From the San Jose State University Research Foundation, San Jose, California.
Human Factors Research Division, NASA Ames Research Center, Moffett Field, California.
Anesth Analg. 2018 Apr;126(4):1340-1348. doi: 10.1213/ANE.0000000000002548.
Long duty periods and overnight call shifts impair physicians' performance on measures of vigilance, psychomotor functioning, alertness, and mood. Anesthesiology residents typically work between 64 and 70 hours per week and are often required to work 24 hours or overnight shifts, sometimes taking call every third night. Mitigating the effects of sleep loss, circadian misalignment, and sleep inertia requires an understanding of the relationship among work schedules, fatigue, and job performance. This article reviews the current Accreditation Council for Graduate Medical Education guidelines for resident duty hours, examines how anesthesiologists' work schedules can affect job performance, and discusses the ramifications of overnight and prolonged duty hours on patient safety and resident well-being. We then propose countermeasures that have been implemented to mitigate the effects of fatigue and describe how training programs or practice groups who must work overnight can adapt these strategies for use in a hospital setting. Countermeasures include the use of scheduling interventions, strategic naps, microbreaks, caffeine use during overnight and extended shifts, and the use of bright lights in the clinical setting when possible or personal blue light devices when the room lights must be turned off. Although this review focuses primarily on anesthesiology residents in training, many of the mitigation strategies described here can be used effectively by physicians in practice.

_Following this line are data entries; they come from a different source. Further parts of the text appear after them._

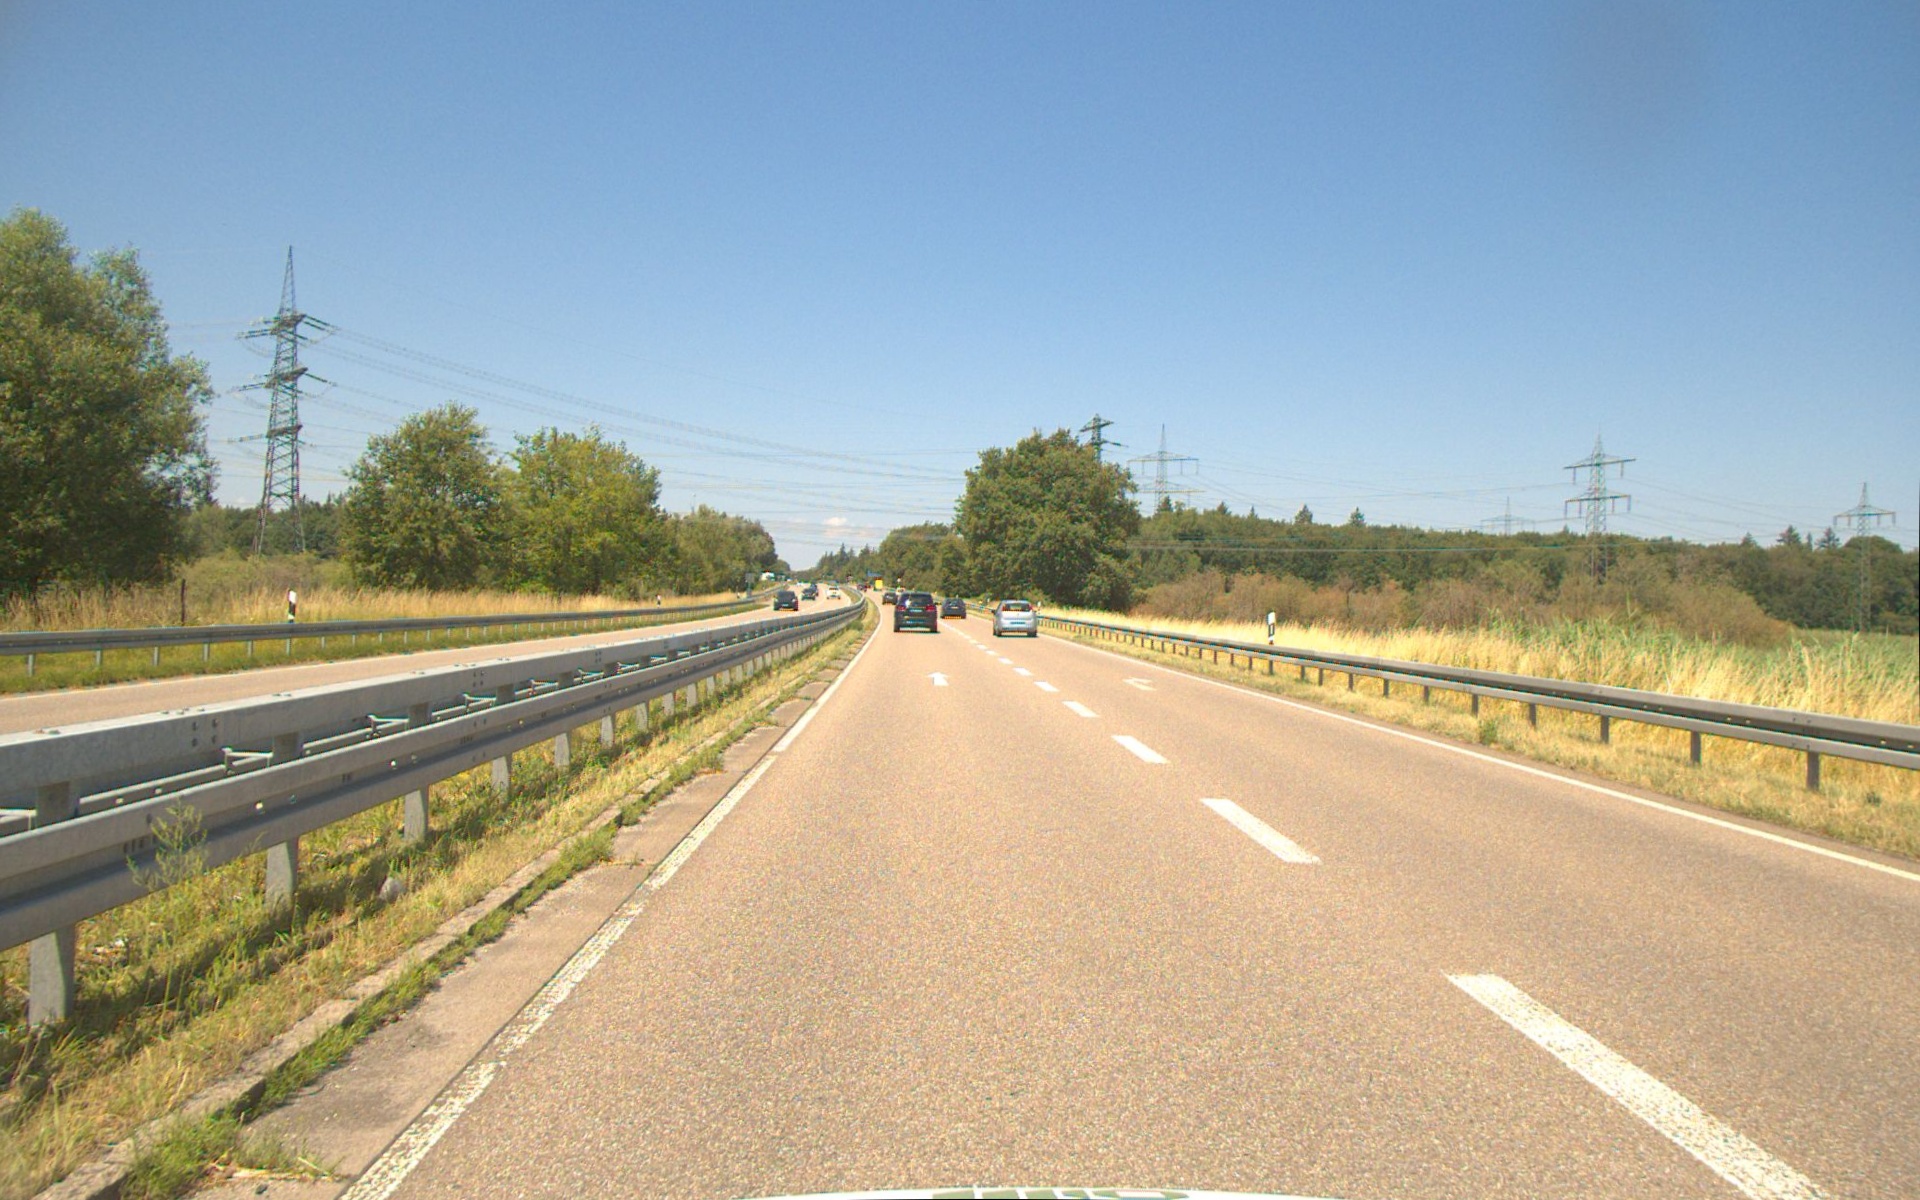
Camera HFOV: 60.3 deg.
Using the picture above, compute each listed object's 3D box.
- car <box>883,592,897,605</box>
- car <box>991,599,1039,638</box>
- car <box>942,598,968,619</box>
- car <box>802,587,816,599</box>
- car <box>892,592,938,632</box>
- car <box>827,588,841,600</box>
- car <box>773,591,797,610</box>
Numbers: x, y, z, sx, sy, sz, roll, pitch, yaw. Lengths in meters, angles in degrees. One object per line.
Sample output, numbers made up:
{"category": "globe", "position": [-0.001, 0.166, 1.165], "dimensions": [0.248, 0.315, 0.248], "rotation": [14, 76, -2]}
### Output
{"category": "car", "position": [-8.035, -0.147, 189.965], "dimensions": [1.484, 1.501, 3.065], "rotation": [1, 0, -1]}
{"category": "car", "position": [2.234, 0.749, 68.215], "dimensions": [1.743, 1.505, 4.314], "rotation": [1, 0, -1]}
{"category": "car", "position": [-0.401, 0.623, 117.861], "dimensions": [1.782, 1.439, 3.999], "rotation": [1, 0, -1]}
{"category": "car", "position": [-20.046, -0.887, 219.672], "dimensions": [1.582, 1.501, 3.065], "rotation": [1, 0, -2]}
{"category": "car", "position": [-1.958, 0.498, 72.816], "dimensions": [1.953, 1.683, 3.999], "rotation": [1, 0, -1]}
{"category": "car", "position": [-18.059, -0.873, 236.387], "dimensions": [1.955, 1.691, 3.996], "rotation": [1, 0, -5]}
{"category": "car", "position": [-14.682, 0.049, 138.981], "dimensions": [1.795, 1.501, 3.682], "rotation": [1, 0, -3]}
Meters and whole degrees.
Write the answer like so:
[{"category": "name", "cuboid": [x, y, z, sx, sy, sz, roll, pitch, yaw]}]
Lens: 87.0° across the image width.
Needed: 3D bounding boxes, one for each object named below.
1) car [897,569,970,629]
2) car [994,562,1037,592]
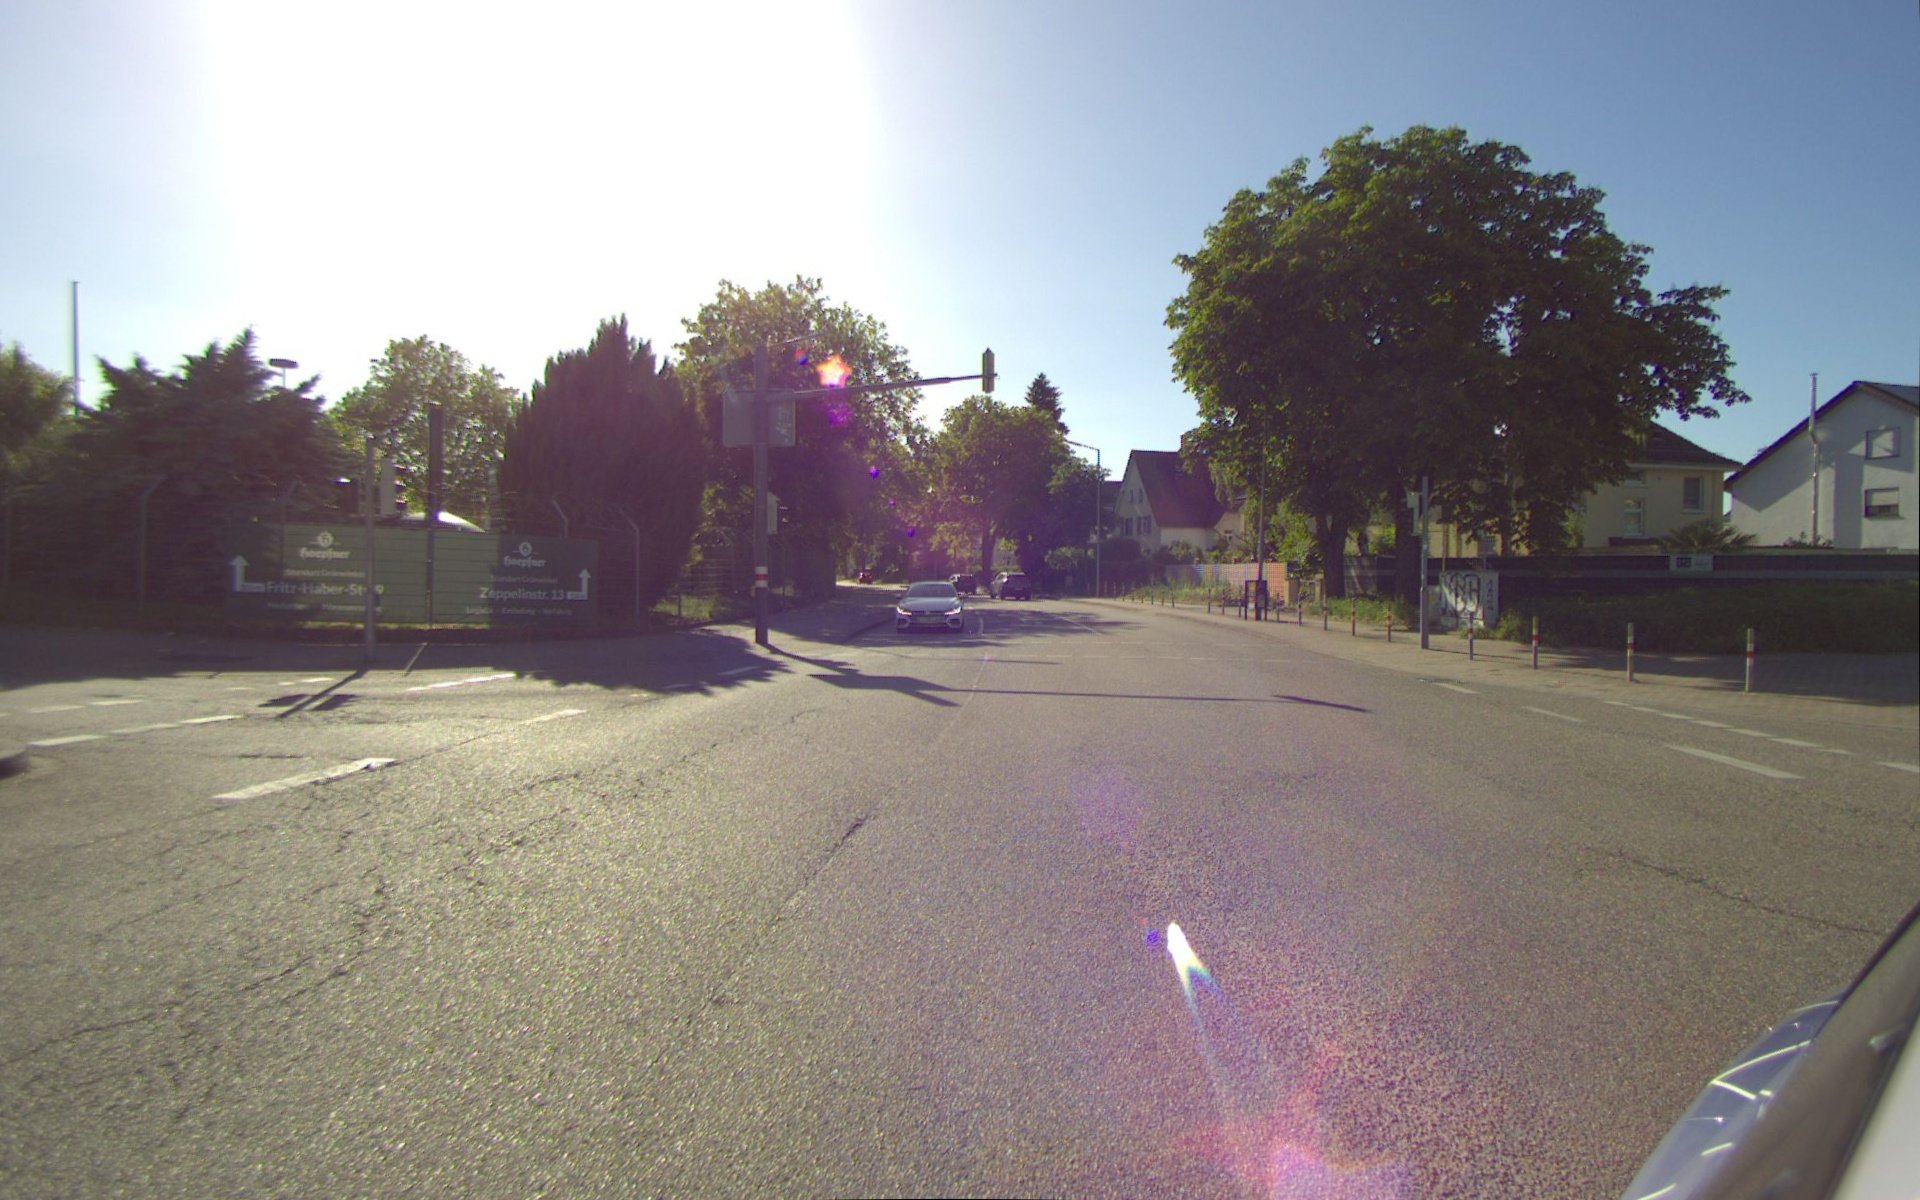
[{"category": "car", "cuboid": [-0.677, -0.091, 28.899, 1.777, 1.551, 4.513, 0, 2, 3]}, {"category": "car", "cuboid": [3.228, -1.373, 59.669, 1.825, 1.655, 4.263, 1, 1, -7]}]
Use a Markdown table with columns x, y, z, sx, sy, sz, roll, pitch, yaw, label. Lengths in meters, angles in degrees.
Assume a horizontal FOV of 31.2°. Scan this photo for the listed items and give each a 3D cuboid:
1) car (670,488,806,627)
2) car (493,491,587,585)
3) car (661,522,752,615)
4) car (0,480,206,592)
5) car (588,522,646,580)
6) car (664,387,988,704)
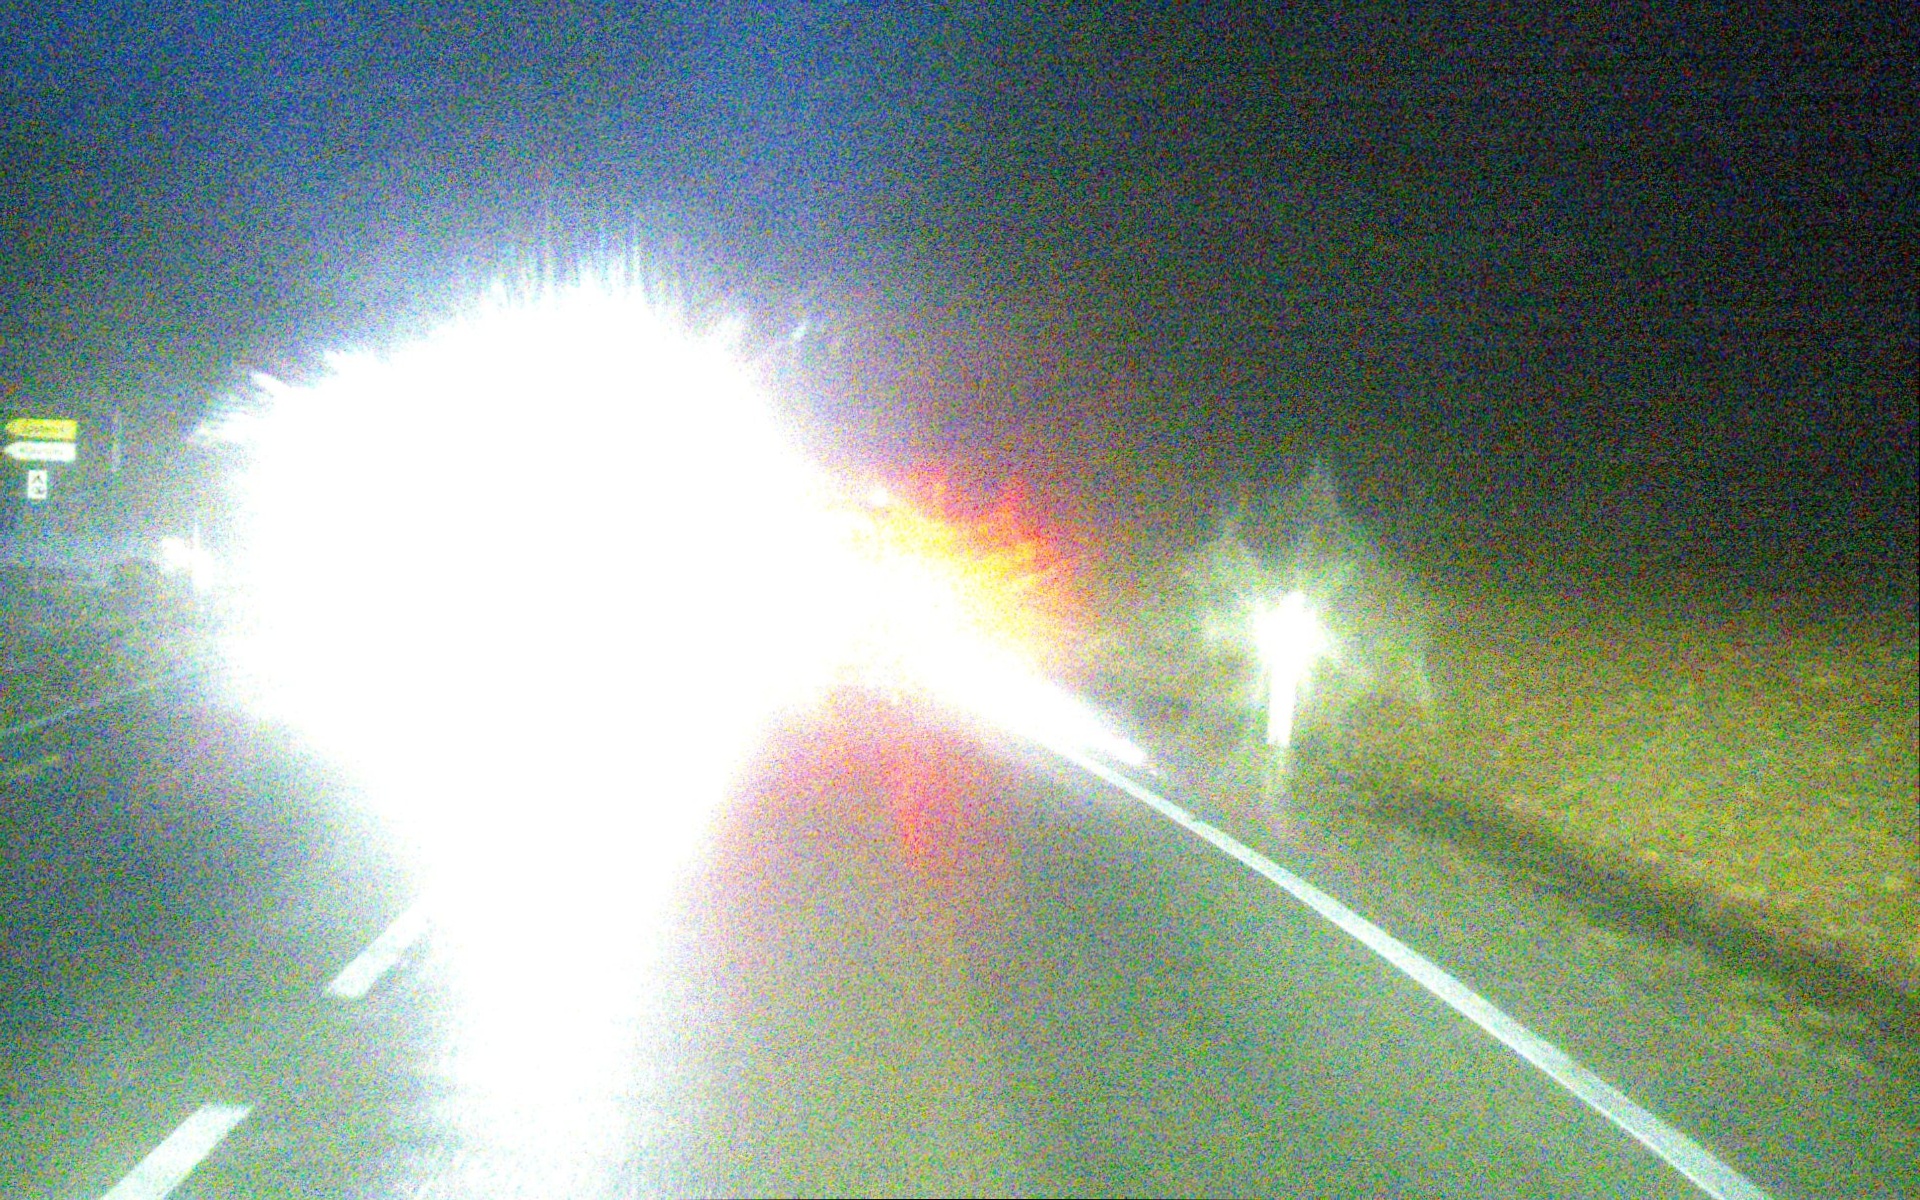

长时间工作和夜间轮班会影响医生警觉性、心理运动功能、注意力和情绪等方面的表现。麻醉学住院医师通常每周工作 64 到 70 小时,经常需要工作 24 小时或夜间轮班,有时每三个晚上值一次班。减轻睡眠不足、昼夜节律紊乱和睡眠惯性的影响需要了解工作时间表、疲劳和工作表现之间的关系。本文回顾了当前研究生医学教育认证委员会对住院医师工作时间的指导方针,研究了麻醉师的工作时间表如何影响工作表现,并讨论了夜间和长时间轮班对患者安全和住院医师健康的影响。然后,我们提出了已经实施的减轻疲劳影响的对策,并描述了必须夜间工作的培训计划或实践小组如何在医院环境中采用这些策略。对策包括使用调度干预、策略性小睡、微休息、夜间和延长轮班期间使用咖啡因,以及在临床环境中尽可能使用明亮的灯光或个人蓝光设备,如果必须关闭房间灯光。尽管本综述主要关注接受培训的麻醉学住院医师,但这里描述的许多缓解策略都可以有效地用于实践中的医生。